REPUBLIKA.CO.ID, JAKARTA -- Badan Pusat Statistik (BPS) menegaskan pelaksanaan Sensus Ekonomi 2026 tidak berkaitan dengan urusan perpajakan. Penegasan ini disampaikan agar masyarakat tidak khawatir memberikan informasi yang dibutuhkan dalam proses pendataan.
Kepala BPS, Amalia Adininggar Widyasanti, mengatakan data yang disampaikan masyarakat dalam Sensus Ekonomi akan dijaga kerahasiaannya. Karena itu ia mengimbau masyarakat yang belum didata untuk tetap berpartisipasi dalam sensus.
"Jangan khawatir, data akan kami jaga kerahasiaannya dan juga kami jamin ini tidak ada kaitannya dengan perpajakan," kata Amalia di Jakarta, Jumat (28/8/2026).
Ia juga mengajak masyarakat mengingatkan keluarga, kerabat, tetangga, dan rekan yang belum mengikuti pendataan agar ikut berpartisipasi. Menurutnya keterlibatan masyarakat dibutuhkan agar BPS memperoleh data yang lebih lengkap mengenai aktivitas ekonomi warga.
BPS memberikan alternatif bagi masyarakat yang ingin mengisi data secara mandiri. Warga bisa menggunakan kuesioner online yang disediakan BPS tanpa harus menjawab pertanyaan langsung kepada petugas.
"Kalau memang ingin mengisi secara mandiri, kami juga sudah siapkan kuesioner online dengan link-nya nanti bisa dimintakan kepada para petugas yang datang," ujar Amalia.
Menurut Amalia, pilihan pengisian mandiri ini memudahkan masyarakat yang ingin mengisi kuesioner sendiri. Warga tetap bisa berpartisipasi dalam Sensus Ekonomi dengan mengisi informasi yang dibutuhkan lewat kuesioner online.

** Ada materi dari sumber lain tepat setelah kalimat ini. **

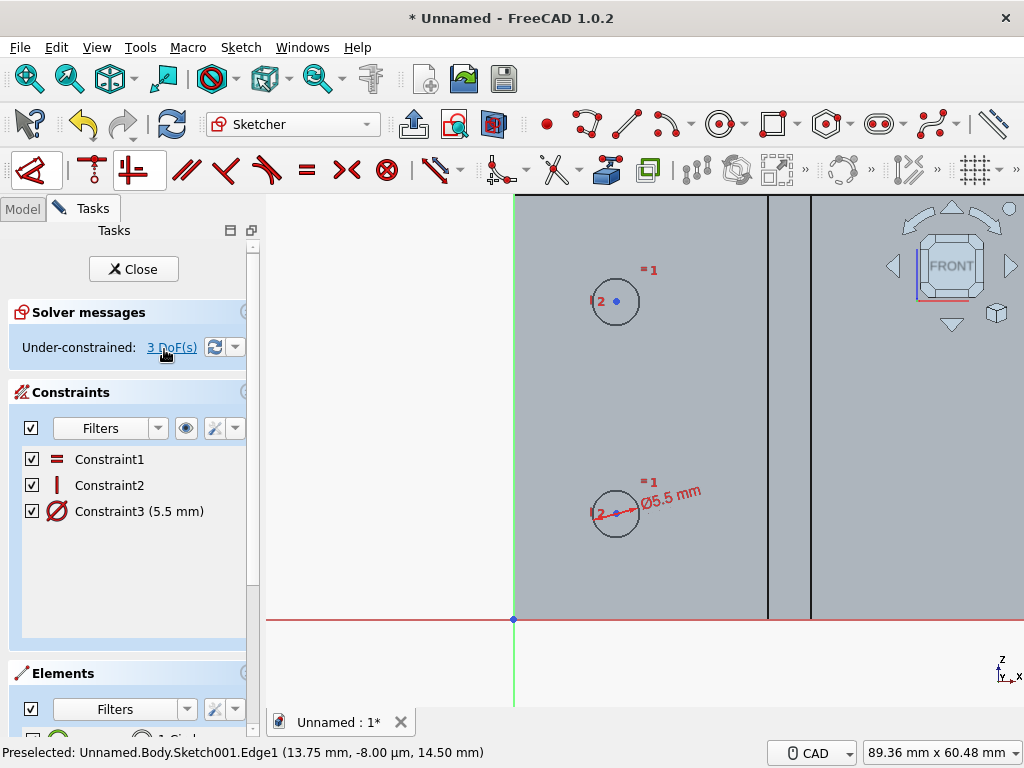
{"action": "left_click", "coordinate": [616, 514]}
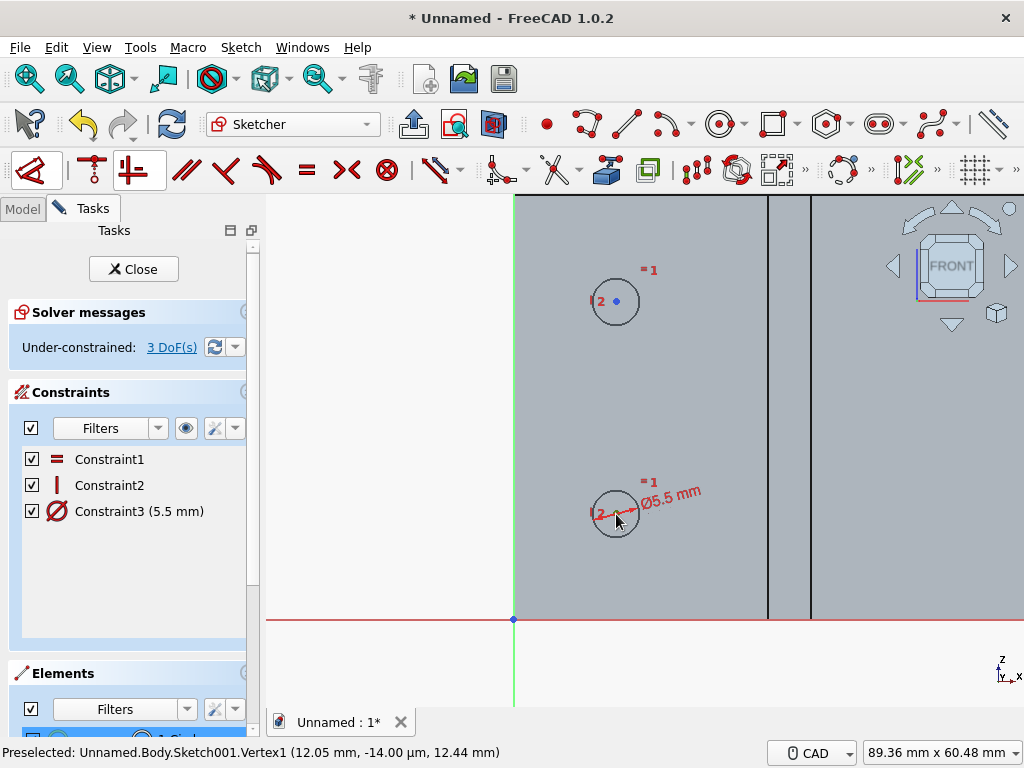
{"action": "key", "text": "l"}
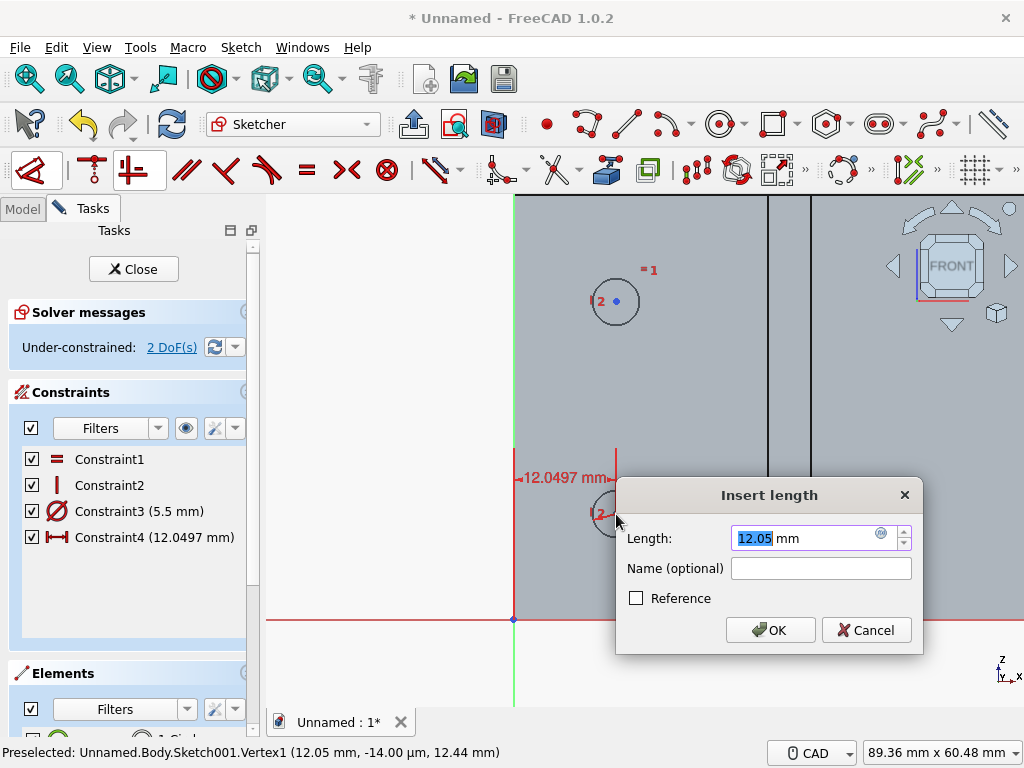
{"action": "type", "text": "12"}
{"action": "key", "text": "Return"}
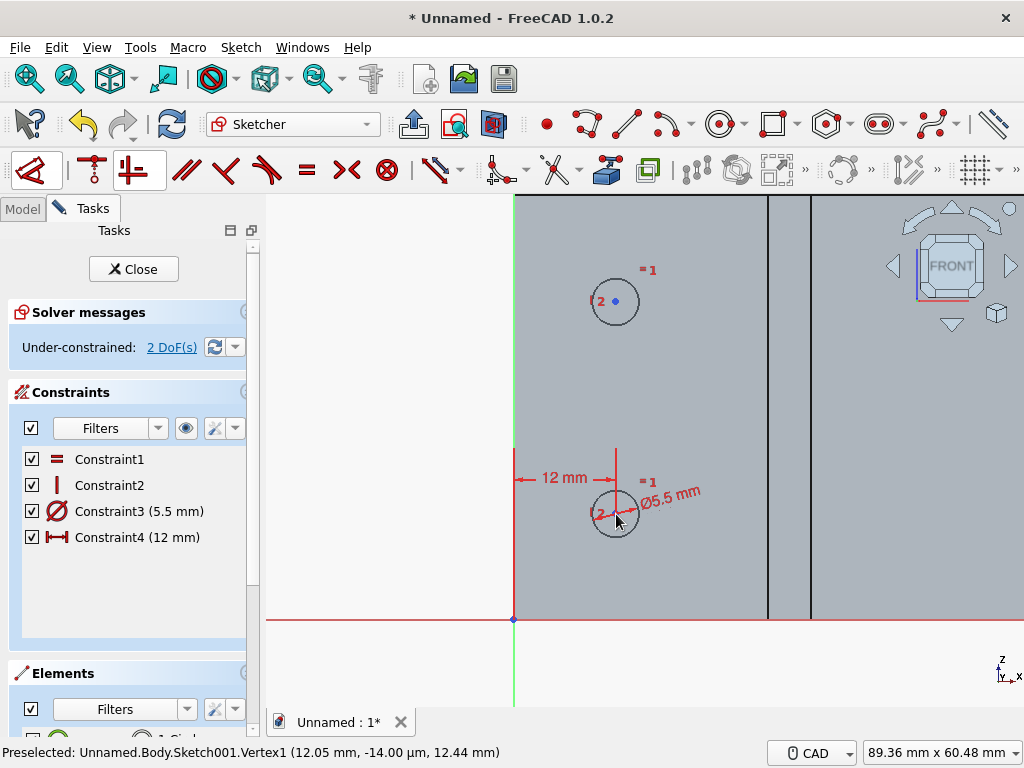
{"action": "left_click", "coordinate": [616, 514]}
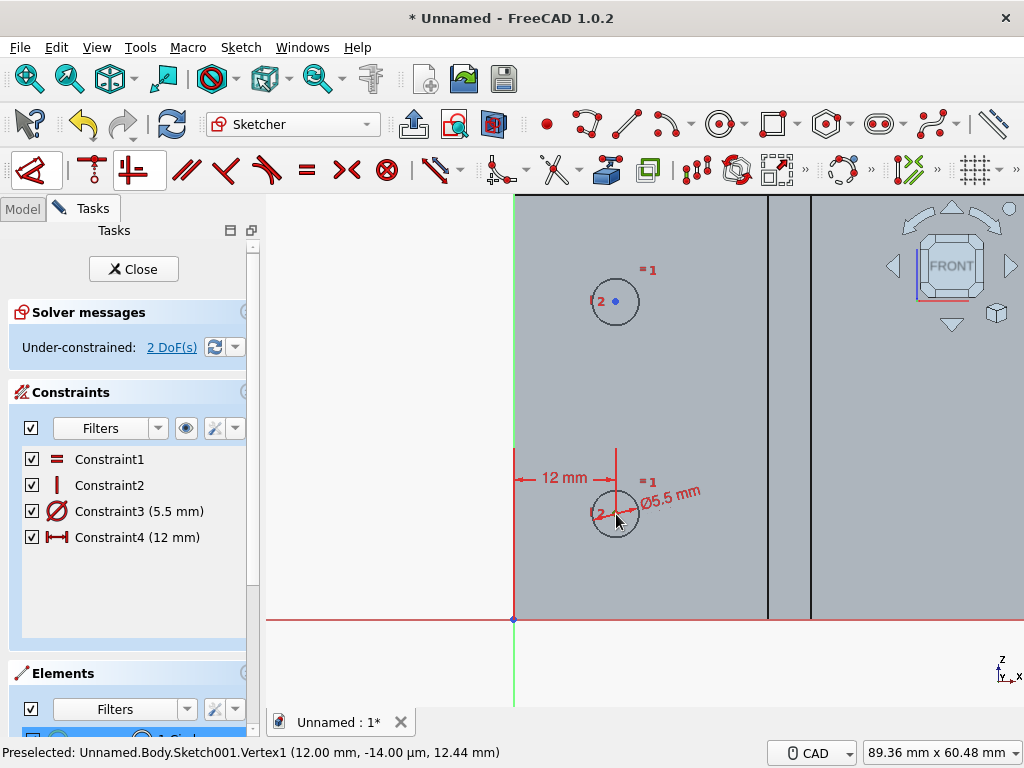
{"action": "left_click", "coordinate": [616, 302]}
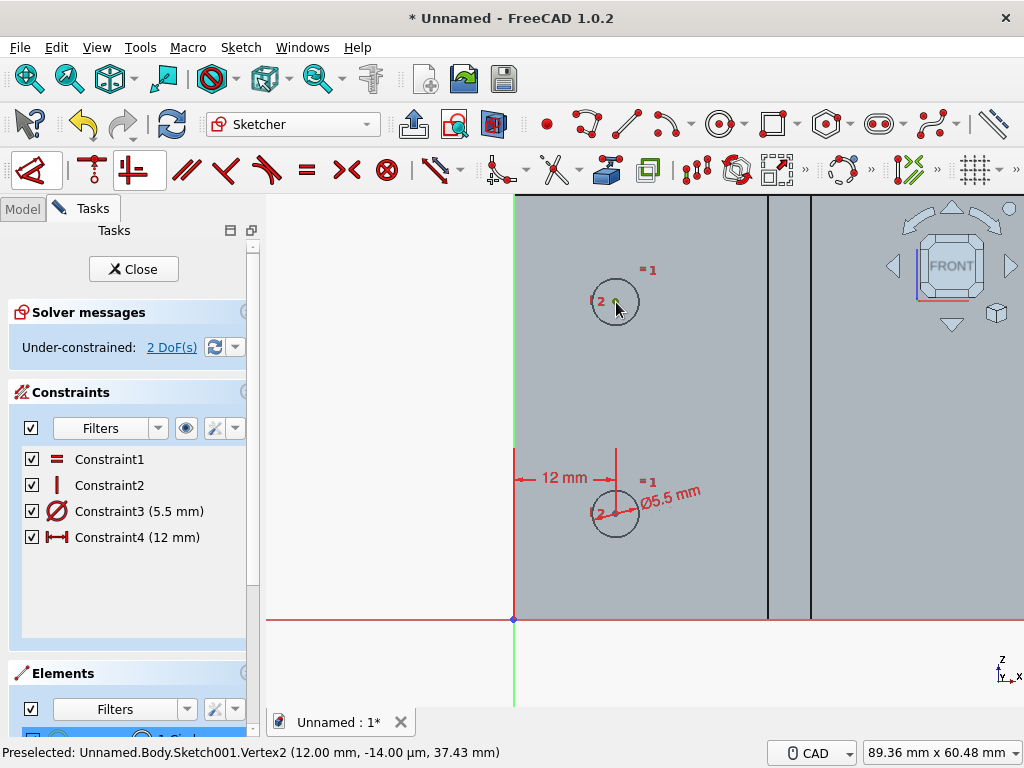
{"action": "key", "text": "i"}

Dalam kesempatan yang sama, Ketua MPR Ahmad Muzani menerima petugas BPS yang melakukan pendataan Sensus Ekonomi di kediamannya. Muzani menjawab sejumlah pertanyaan mengenai jumlah keluarga serta kegiatan usaha yang dijalankan keluarga maupun anggota keluarganya.
Muzani berharap pelaksanaan Sensus Ekonomi berjalan lancar dan diikuti sebanyak mungkin masyarakat. Ia menilai data yang diperoleh dari sensus penting bagi negara untuk mengetahui aktivitas ekonomi masyarakat, sehingga kebijakan yang diambil bisa didasarkan pada data dan angka yang benar.
"Saya berharap kegiatan ini bisa berjalan lancar dan diikuti sebanyak mungkin oleh warga negara Indonesia," kata politisi Gerindra ini.
Setelah proses pendataan selesai, rumah Muzani dipasangi stiker sebagai bukti bahwa penghuni rumah tersebut sudah mengikuti Sensus Ekonomi. BPS berharap masyarakat tidak ragu berpartisipasi agar pendataan bisa menghasilkan data ekonomi yang akurat.